Sabah Gazetesi, milli şairimiz Mehmet Akif Ersoy'u vefatının 86. Yıl dönümünde, torunu Selma Argon Ersoy ile konuştu. Ersoy, dedesinin fikri dünyasına ve şiirlerinin arka planına dair oldukça çarpıcı ve özel açıklamalarda bulundu.

GÜNCELLİĞİNİ KORUYAN BİR İSİM

"Mehmet Akif Ersoy, bu ülke için önemini ve güncelliğini hep koruyan bir isim. Dedemin yaptıkları olağanüstü şeyler. Ailesini arkada bırakıp, Atatürk'ün çağırması üzerine Anadolu'ya geçiyor. Ersoy'un doğduğu dönemde Osmanlı'nın yıkılmaya yüz tutuğu bir süreç.

Bu yıkımı içselleştiriyor. Küçük yaştan itibaren insanları iyi incelemiş. İbadet dolu bir ev. Genç yaşta şiirlerini yazmaya başlamış. Çevresinde olan her şey ruhunda yer etmiş. İnsanların vicdanının sesi olmuş. Sosyal bir insan ve yazdığı şiirler sosyal hayatımızı da anlatıyor.

'Ne yazdımsa görerek yazdım, hayalle işim yok' der. Safahat bir belgeseldir. Bir akıl kitabıdır. Allah'a çok inanmış bir insan. Dedemi anlamak isteyen bir insanın, Safahat'ı iyi idrak etmesi lazım. 63 senelik kısa ömrünün tamamı çalışarak geçmiştir. Hep bir şeyler öğrenmiş, bir şeyler öğretmiştir.

Neyzen Tevfik'e Farsça öğretmiş, kendisi de ondan ney çalmayı öğrenmiştir. Çok yönlü bir entelektüeldi. Güreşçi bir yanı da var. Sporla ilgileniyor. Devamlı kolunun altında kitapla dolanırmış. Hem öğretmen hem talebedir."

"TAKLİTÇİ OLMAYIN DER"

"İstiklal Marşı milli bir mutabakattır. Hem İstiklal Marşı hem de Necid çöllerinde yazdığı Çanakkale Destanı üstünde durulması gereken şiirleridir. Safahat'taki şiirlerini hepsi gerçektir. Asım'ın nesli görmek istediği gençliğin sembolüdür.

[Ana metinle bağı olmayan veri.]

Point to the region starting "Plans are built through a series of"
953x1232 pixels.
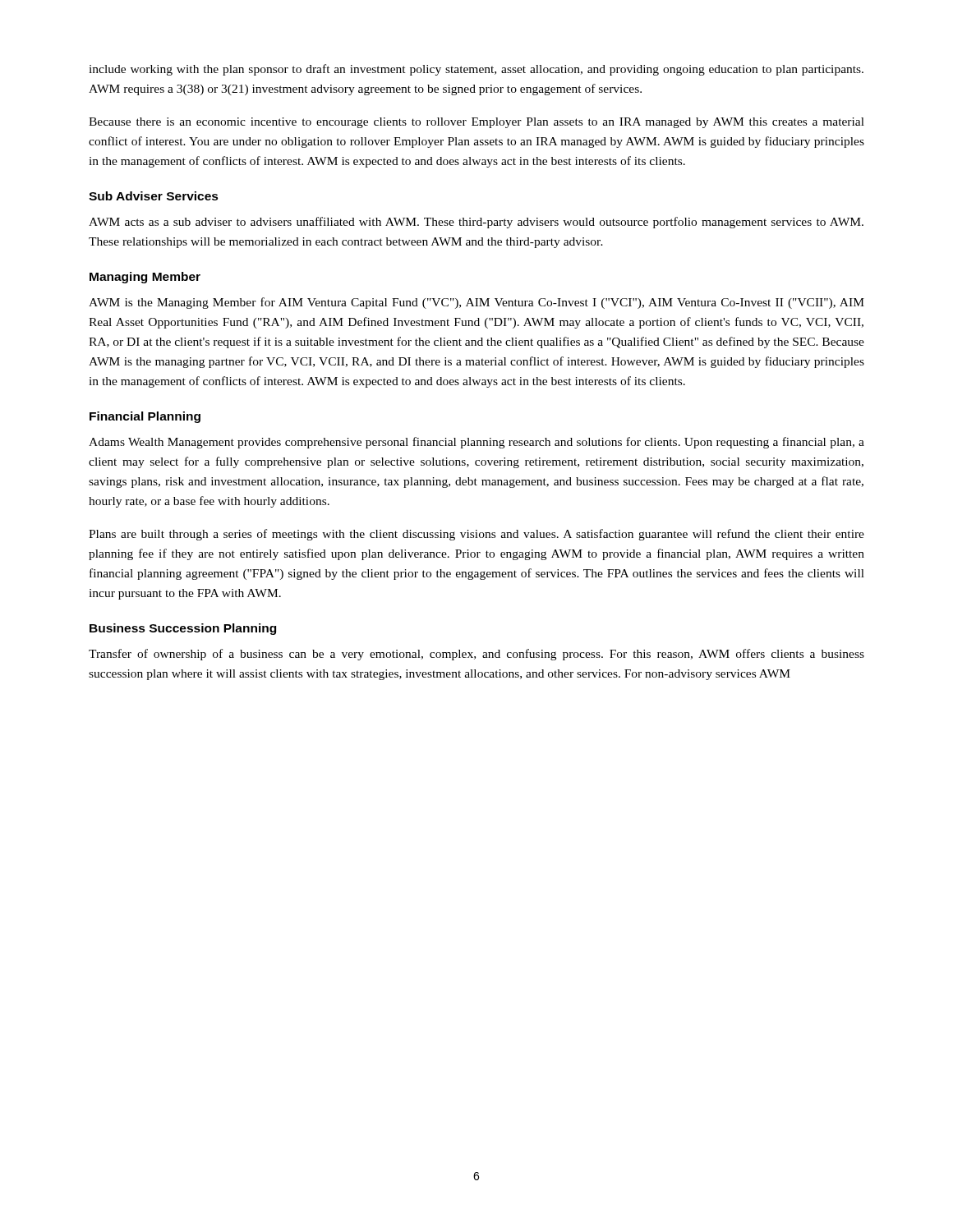[x=476, y=564]

Asım içinde vatan sevgisini, Allah ve peygamber sevgisini, örf ve adetlerine bağlı bir genci temsil eder. Fakat Batı'nın ilmine de yabancı değildir. Milli ve manevi değerlerine bağlı ama Batı'nın bilimine de açık bir gençlik. Dedem, Batı'nın insanlığına güvenmez. Fakat ilmini ve fennini alın der. Taklitçi olmayın der. İlmini geliştirin der. Şuan her şeyi nasıl yapıyorsak, o zamandan bunu ister. Şu an her şeyi kendimiz yapıyoruz.

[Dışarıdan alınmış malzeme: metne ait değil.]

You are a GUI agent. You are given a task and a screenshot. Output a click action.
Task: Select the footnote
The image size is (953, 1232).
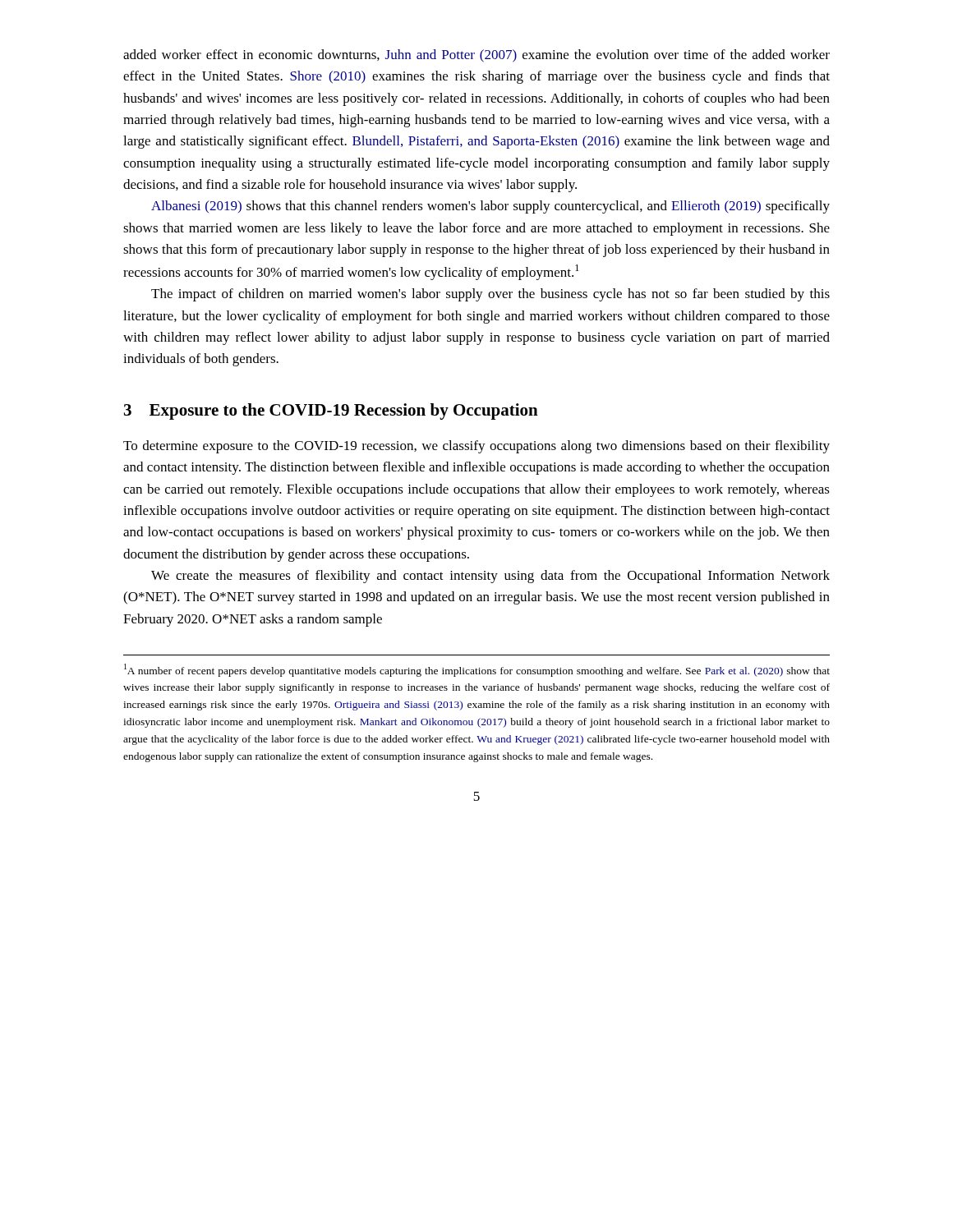[476, 713]

Asım'ın nesline yaklaştık. Daha da ileri gideceğiz. Sayın Cumhurbaşkanımız gençliğe çok önem veriyor. Güzel bir gençlik yetişiyor. Cumhurbaşkanımız dedemi hakikaten çok seven bir insan. O sevgisi bilgisinden geliyor. Çok iyi analiz etmiş. Çok iyi anlamış, anlayarak anıyor. Bizlere düşkünlüğünü her zaman belirtiyor.

Milli kahramanlarımızın torunlarını özellikle buldurtuyor. Külliyede ağırlatıyor. Büyük bir vefa örneğidir. Birçok insanla tanıştım. Fevzi Çakmak'ın, Sütçü İmam'ın, Seyit Onbaşının torunlarıyla bu sayede tanıştım."

MÜTEVAZİ BİR KİŞİLİK

"Dedem oldukça mütevazi bir insan. Para için makam için kendini ön plana asla koymamış. Soğukta, paltosunu çıkartıp başkasına verebilecek birisi. Ödül karşılığında şiir yazmam diyor. Nitekim verilen ödül parasını da o dönem Kızılay gibi görev yürüten bir devlet kuruluşuna tek kuruşuna dokunmadan bağışlıyor.

Bizler şahlandıkça, ileriye gittikçe daha çok üzerimize geliyorlar. Onun için Mehmet Akif'in fikirlerine her zamankinden daha çok ihtiyacımız var. Dedem Sevr anlaşmasını anlattığı Kastamonu vaazları sonrası Atatürk dedemi çağırır ve 'Sizin kadar bu anlaşmanın berbatlığını anlatan çıkmadı' der. O vaazlar çoğaltılarak dağıtılır.

Birlik ve beraberliğimizi daim korumalıyız. Dedem, devlet kalıcıdır der. Ayrımcılığa karşı çıkar. Dedem, Batıyı da Doğuyu da iyi tanıyan bir isim. Fikirleri bu nedenle kıymetli. Geçmişi öğrenmeden geleceği bina edemeyiz. Mehmet Akif'in, hayatının dizi şeklinde tanıtılmasını çok isterim. Baştan itibaren gençlere seyrettirilmeli."